4. The method for identifying bridge structural modal parameters according to claim 1, characterized in that: In step S4, the frequency domain dynamic feature extraction method of Gabor filter is to obtain local phase information by convolving two-dimensional Gabor wavelets with the image. The parameters of two-dimensional Gabor wavelets include direction, wavelength, aspect ratio, bandwidth and phase offset.
5. The method for identifying bridge structural modal parameters according to claim 1, characterized in that: In step S5, the improved clustering algorithm specifically includes: A1: The frequency domain dynamic feature data is initially divided using K-means to obtain K subsets. The optimization objective is to minimize the sum of squared distances between each data point and the cluster centroid. A2: For each frequency domain dynamic feature data subset initially divided by K-means, the DBSCAN algorithm is used. By setting the neighborhood radius based on the data distribution density and the minimum number of points based on the total amount of data, the core points of the corresponding vibration mode are identified, noise points are removed, and the target region is aggregated, thereby realizing the automatic extraction of the modal frequency domain feature interval region of interest in bridge structure vibration analysis.
6. The method for identifying bridge structural modal parameters according to claim 1, characterized in that: In step S6, the covariance-driven random subspace identification SSI-Cov algorithm constructs a block Hankel matrix of the response covariance matrix, extracts the orthogonal subspace through QR decomposition, performs singular value decomposition (SVD), obtains the natural frequency, damping ratio, and mode shape of the target object through eigenvalue decomposition, and selects stable modes by combining stability graph theory.

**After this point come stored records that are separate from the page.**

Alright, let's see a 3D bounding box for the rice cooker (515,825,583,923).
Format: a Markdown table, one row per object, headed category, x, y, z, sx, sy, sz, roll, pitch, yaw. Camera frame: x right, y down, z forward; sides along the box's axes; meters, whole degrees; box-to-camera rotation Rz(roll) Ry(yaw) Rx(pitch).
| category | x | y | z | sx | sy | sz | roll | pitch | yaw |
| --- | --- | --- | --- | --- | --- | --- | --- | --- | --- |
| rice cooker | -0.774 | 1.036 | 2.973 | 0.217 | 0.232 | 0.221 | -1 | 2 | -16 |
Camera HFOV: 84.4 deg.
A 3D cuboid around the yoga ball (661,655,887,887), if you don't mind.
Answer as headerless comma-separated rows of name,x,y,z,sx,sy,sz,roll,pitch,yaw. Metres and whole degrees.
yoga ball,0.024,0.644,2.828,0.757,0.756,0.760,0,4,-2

7. The method for identifying bridge structural modal parameters according to claim 1, characterized in that: In step S6, the FDD algorithm performs SVD decomposition on the power spectral density matrix of the structural response and uses the first singular vector corresponding to the peak frequency as the mode shape estimate.

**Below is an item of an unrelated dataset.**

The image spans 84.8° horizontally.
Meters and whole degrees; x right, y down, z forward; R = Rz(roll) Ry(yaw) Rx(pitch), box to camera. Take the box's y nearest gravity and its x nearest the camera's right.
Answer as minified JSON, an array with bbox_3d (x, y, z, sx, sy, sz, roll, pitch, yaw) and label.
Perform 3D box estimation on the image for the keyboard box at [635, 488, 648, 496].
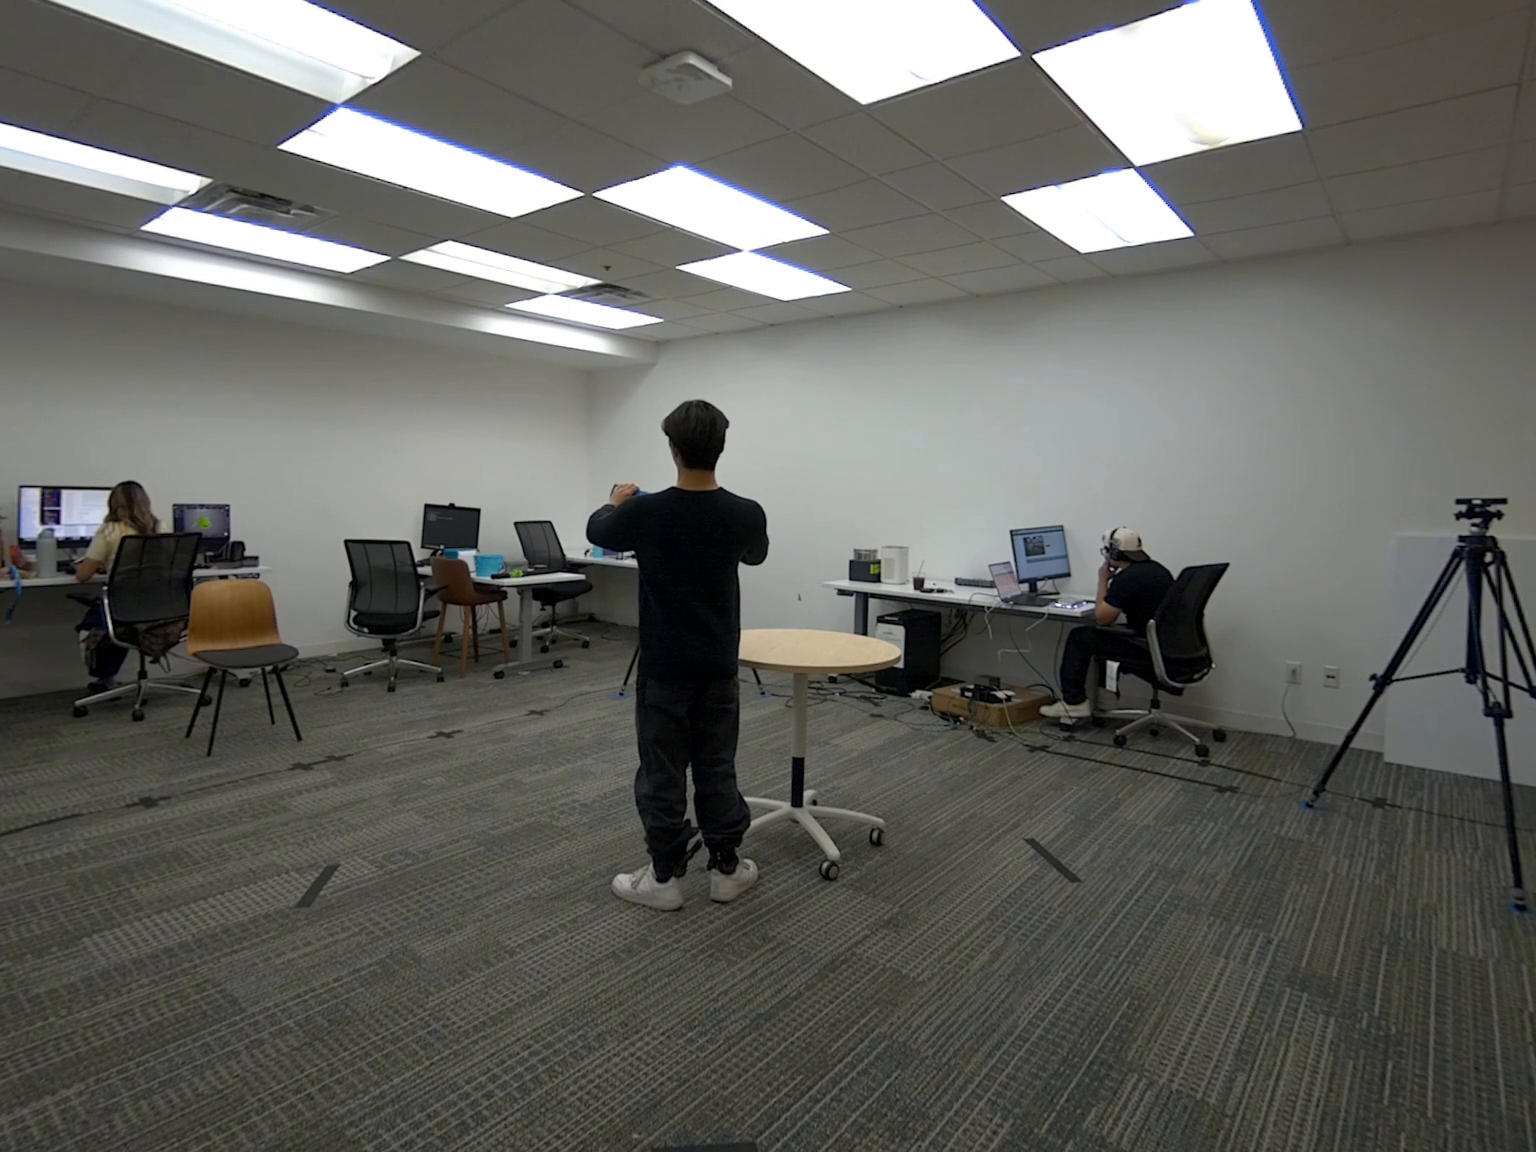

8. The method for identifying bridge structural modal parameters according to claim 1, characterized in that: In step S3, the adaptive decoupling process is achieved through an adaptive mode selection mechanism based on variational mode decomposition. This adaptive mode selection mechanism automatically focuses on the vibration frequency components of the bridge structure.
9. A method for identifying bridge structural modal parameters according to claim 1, characterized in that: In step S5, the average phase difference of the target region is obtained by averaging the clustering results along the y-axis, and the displacement field information in the corresponding direction is calculated by combining the directional parameters of the Gabor filter.
10. A method for identifying bridge structural modal parameters according to claim 1, characterized in that: Modal parameters include natural frequency, mode shape, and damping ratio. The consistency between the identified modal parameters and theoretical values is evaluated using the Modal Assurance Criterion (MAC). The MAC value for laboratory model tests is not less than 0.89, and the MAC value for field tests is not less than 0.96.